BRIEF DESCRIPTION OF THE DRAWINGS Figure 1 describes a two-layer neural network used in the apparatus of the present invention, with a weight mode for the different trajectories in the network.

Figure 2 describes the neural net training algorithm for the segmentation of the foreground and the posterior plane.

Figure 3 describes the segmentation algorithm of the foreground / backplane of the present invention.

Figure 4 describes the training diagram of the neural network showing the sum-error squared against periods.

Figures 5 (a) - (c) describe the results of the segmentation of the present invention, in which 5 (a) is the original frame, 5 (b) is the output divided into segments of the neural network, and (c) is the drawing of the first plane divided into segments.

Figure 6 describes a possible embodiment of the apparatus for employing the method of the present invention.

Figure 7 shows a prior art process using a fill segmentation procedure.

Figure 8 shows the results of the segmentation of the process of Figure 7 on several tables.

Figure 9 shows the results of the blur measure used in the process of Figure 7.

DETAILED DESCRIPTION The present invention provides an approach for the segmentation of the close-up of the backplane based on integrated indications. This approach integrates three measures, focus, intensity, and movement, using a two-layer neural network, to segment complex scenes. Its advantage is that it combines simple segmentation measures that increase the robustness to segment a variety of scenes.

By forming three segment maps separated from the image sequence, then the present invention chooses the best map based on the training of a neural network. The neural network used in the present invention is shown in Figure 1, along with the optimal weights determined from the training of this network using a variety of images.

Each map is an N x M image consisting of N x M pixels. The corresponding pixels are introduced into the neural network, I (i, j), m (i, j), f (i, j), where i = 1,, N and J = 1,, M, one at a time in an order from left to right from top to bottom. The pixel values for the motion map are either 0 or 255 (where 0 indicates no movement and 255 indicates movement). The pixel values for the focus map and intensity map range from 0 to 255, inclusive.

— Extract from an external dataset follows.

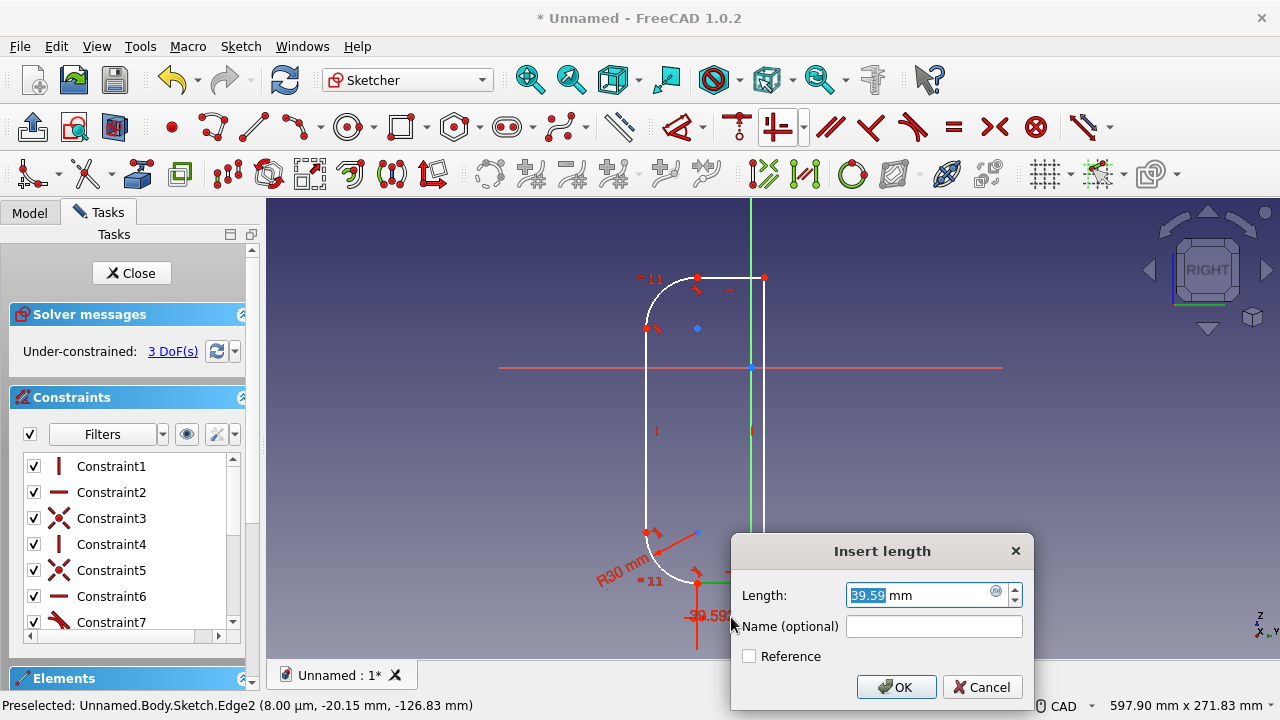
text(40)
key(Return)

Now, once each pixel is introduced to the neural network, the network calculates an output value, or (i, j) for the inputs (i, j). The final output result is an N x M image, where 0 = backplane and 255 = foreground.

In this way, it can be thought of the processing of an image as a loop that is performed N x M times, that is, the neural network is accessed N x M times. Similarly, for a sequence of images, if an image is connected in loops N x M times, then for the K images, the neural network is accessed K x N x M times.

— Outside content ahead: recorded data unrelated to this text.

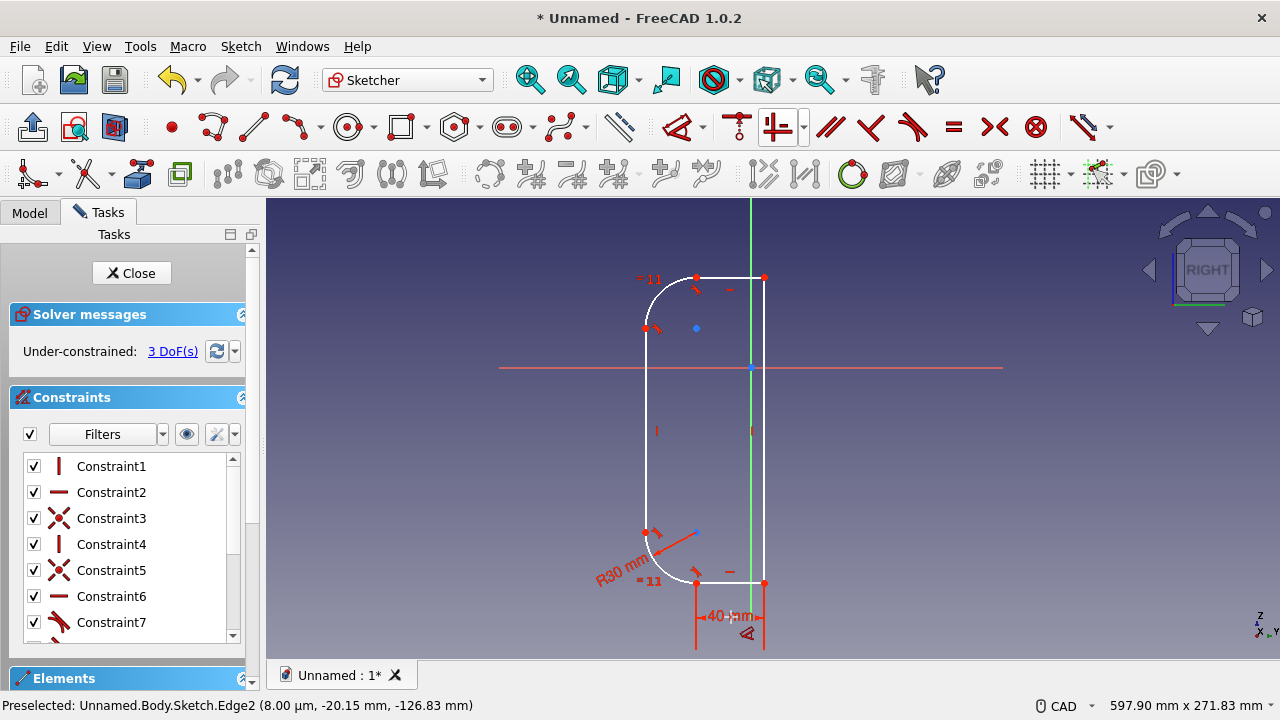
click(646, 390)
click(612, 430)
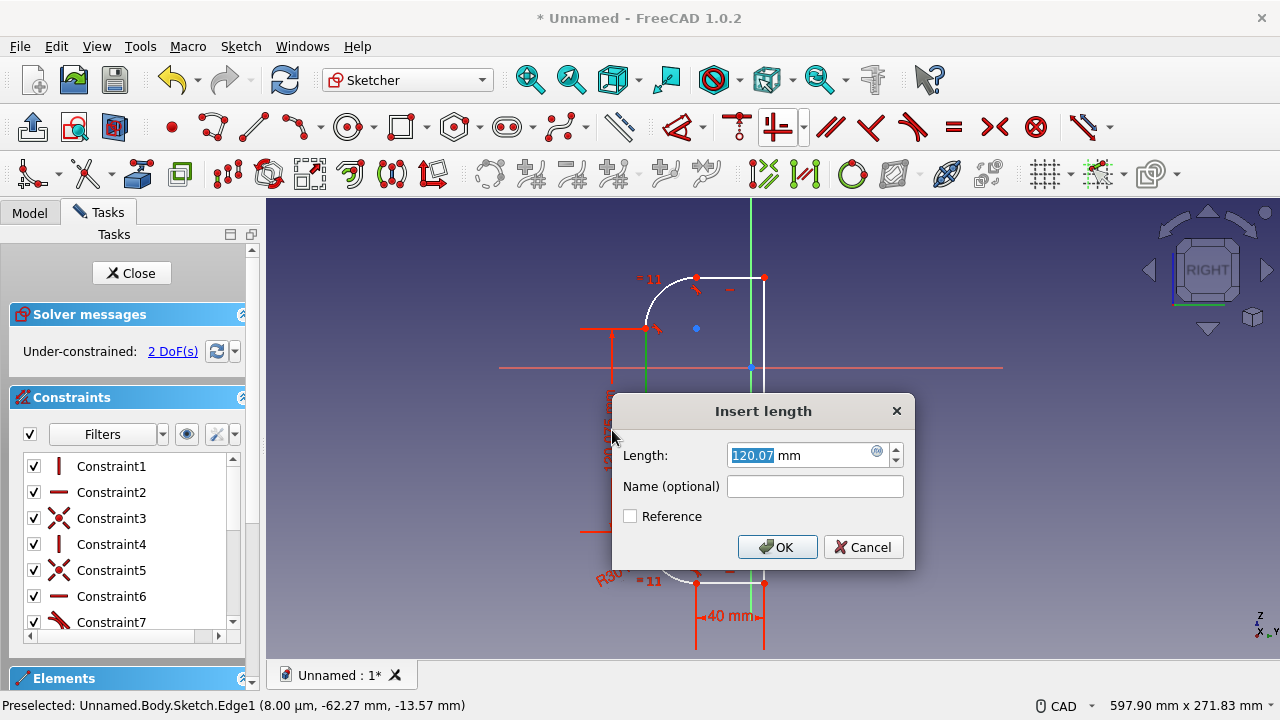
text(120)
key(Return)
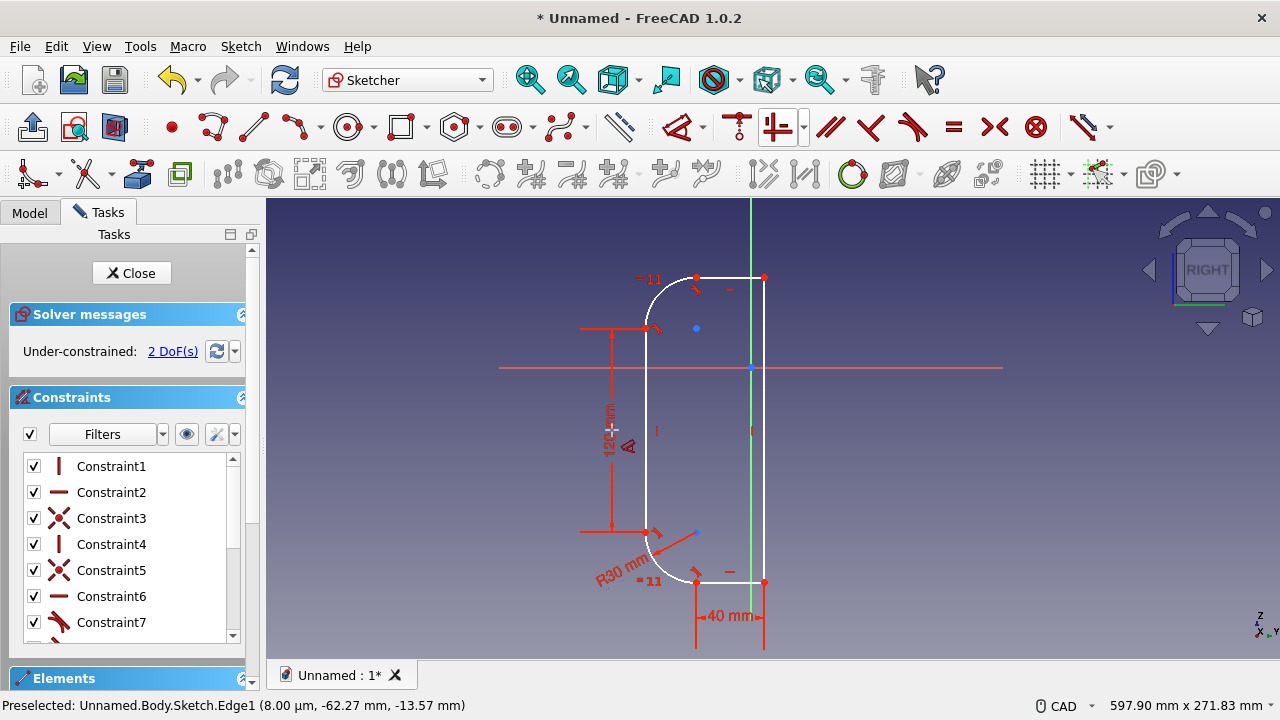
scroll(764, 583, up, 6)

According to the present invention, a two-layer neural network integrates three measures for segmentation: focus, intensity, and movement. It is noticeable to note that any technique to detect focus, intensity or movement, respectively, will suffice, since it provides a segmentation map based on the same information. Then the training of the neural network will determine the appropriate weights that apply to the different inputs using the different segmentation techniques.

Two assumptions are made about the scene. First, it is assumed that the first plane of the scene is focused and the back plane becomes blurred, that is, the closest objects are focused. Second, it is assumed that objects that are divided into segments are in motion.

Focusing Detection Segmentation Measures The technique for detecting focus used in the present invention is a known technique, therefore a complete detailed description is not necessary to describe the present invention. A brief description, however, will be useful.

The focus is a function of depth. An edge is from the point of focus the farthest, it becomes the fuzziest. This measurement indicates different depths. If an E point of the object is not in focus, the resulting image is a blurred image called circle of confusion. The size of the circle of confusion, therefore the amount of focus, is a function of depth u of point N.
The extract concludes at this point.